After the death of Prithvi Narayan Shah, the Shah dynasty began to expand their kingdom into much of the Indian subcontinent. Between 1788 and 1791, during the Sino-Nepalese War, Nepal invaded Tibet and robbed Tashilhunpo Monastery in Shigatse. Alarmed, the Qianlong Emperor of the Chinese Qing Dynasty appointed Fuk'anggan commander-in-chief of the Tibetan campaign; Fuk'anggan signed a treaty to protect his troops thus attaining a draw.[25]
Thapa and Pande dominance
After 1800, the heirs of Prithvi Narayan Shah proved unable to maintain firm political control over Nepal. A period of internal turmoil followed. The rivalry between Nepal and the British East India Company over the princely states bordering Nepal and British-India eventually led to the Anglo-Nepalese War (1814–16), in which Nepal suffered substantial losses due to lack of guns and ammunitions against the British-Indian forces with advanced weapons. The Treaty of Sugauli was signed in 1816, ceding large parts of the Nepalese controlled territories to the British. In 1860 some parts of western Terai, known as Naya Muluk (new country) was restored to Nepal.

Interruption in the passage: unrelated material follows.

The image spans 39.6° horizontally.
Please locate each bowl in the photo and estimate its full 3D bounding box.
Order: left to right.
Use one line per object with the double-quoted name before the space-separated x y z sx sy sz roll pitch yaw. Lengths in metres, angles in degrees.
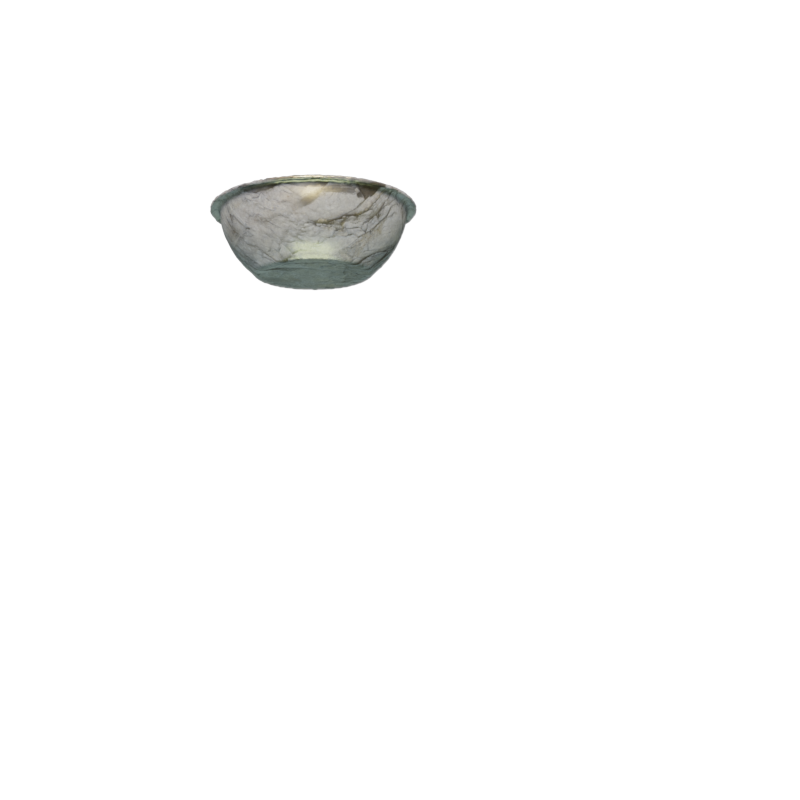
"bowl" -0.068 -0.123 0.864 0.162 0.057 0.157 0 -11 -2
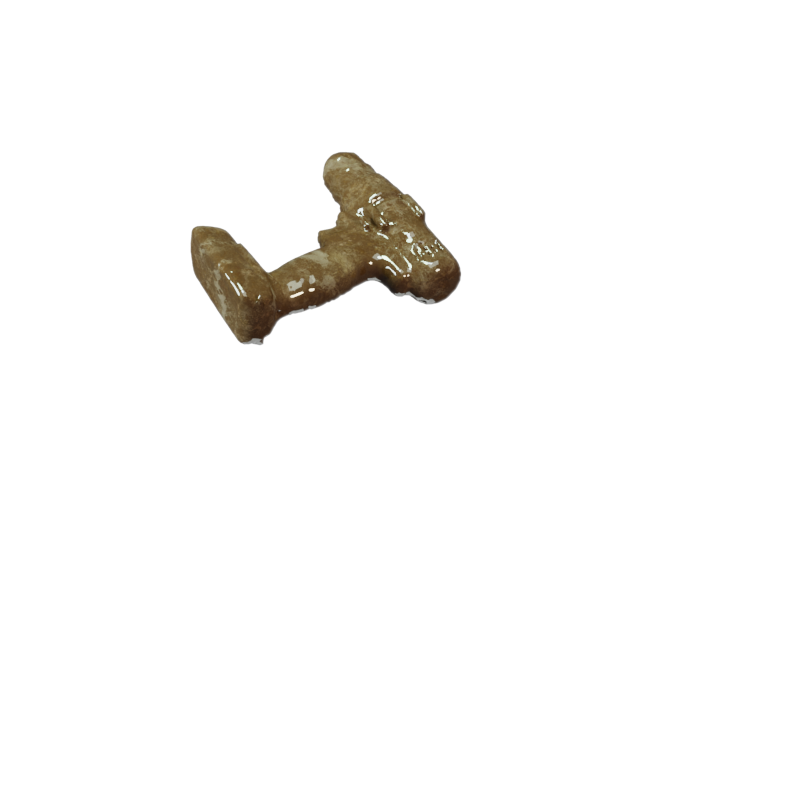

The four noble families involved largely in the active politics of the kingdom were the Shah rulers, the Thapas, the Basnyats, and the Pandes before the rise of the Rana dynasty.[26] From beginning to the mid of 18th century, the Thapas and Pandes had extreme dominance over Nepalese Darbar politics alternatively contesting for central power amongst each other.[27]
Rana rule
Jung Bahadur Rana was the first ruler from this dynasty. Rana rulers were titled "Shree Teen" and "Maharaja", whereas Shah kings were "Shree Panch" and "Maharajadhiraja". Jung Bahadur codified laws and modernized the state's bureaucracy. In the coup d'état of 1885, the nephews of Jung Bahadur and Ranodip Singh murdered Ranodip Singh and the sons of Jung Bahadur, adopted the name of Jung Bahadur and took control of Nepal. Nine Rana rulers took the hereditary office of Prime Minister. All were styled (self proclaimed) Maharaja of Lamjung and Kaski.
The Rana regime, a tightly centralized autocracy, pursued a policy of isolating Nepal from external influences. This policy helped Nepal maintain its independence during the British colonial era, but it also impeded the country's economic development and modernisation. The Ranas were staunchly pro-British and assisted the British during the Indian Rebellion of 1857 and later in both World Wars. At the same time, despite of Chinese claims, the British supported Nepalese independence at the beginning of the twentieth century.[28] In December 1923, Britain and Nepal formally signed a "treaty of perpetual peace and friendship" superseding the Sugauli Treaty of 1816 and upgrading the British resident in Kathmandu to an envoy.
Slavery was abolished in Nepal in 1924 under premiership of Chandra Shamsher Jang Bahadur Rana.[29]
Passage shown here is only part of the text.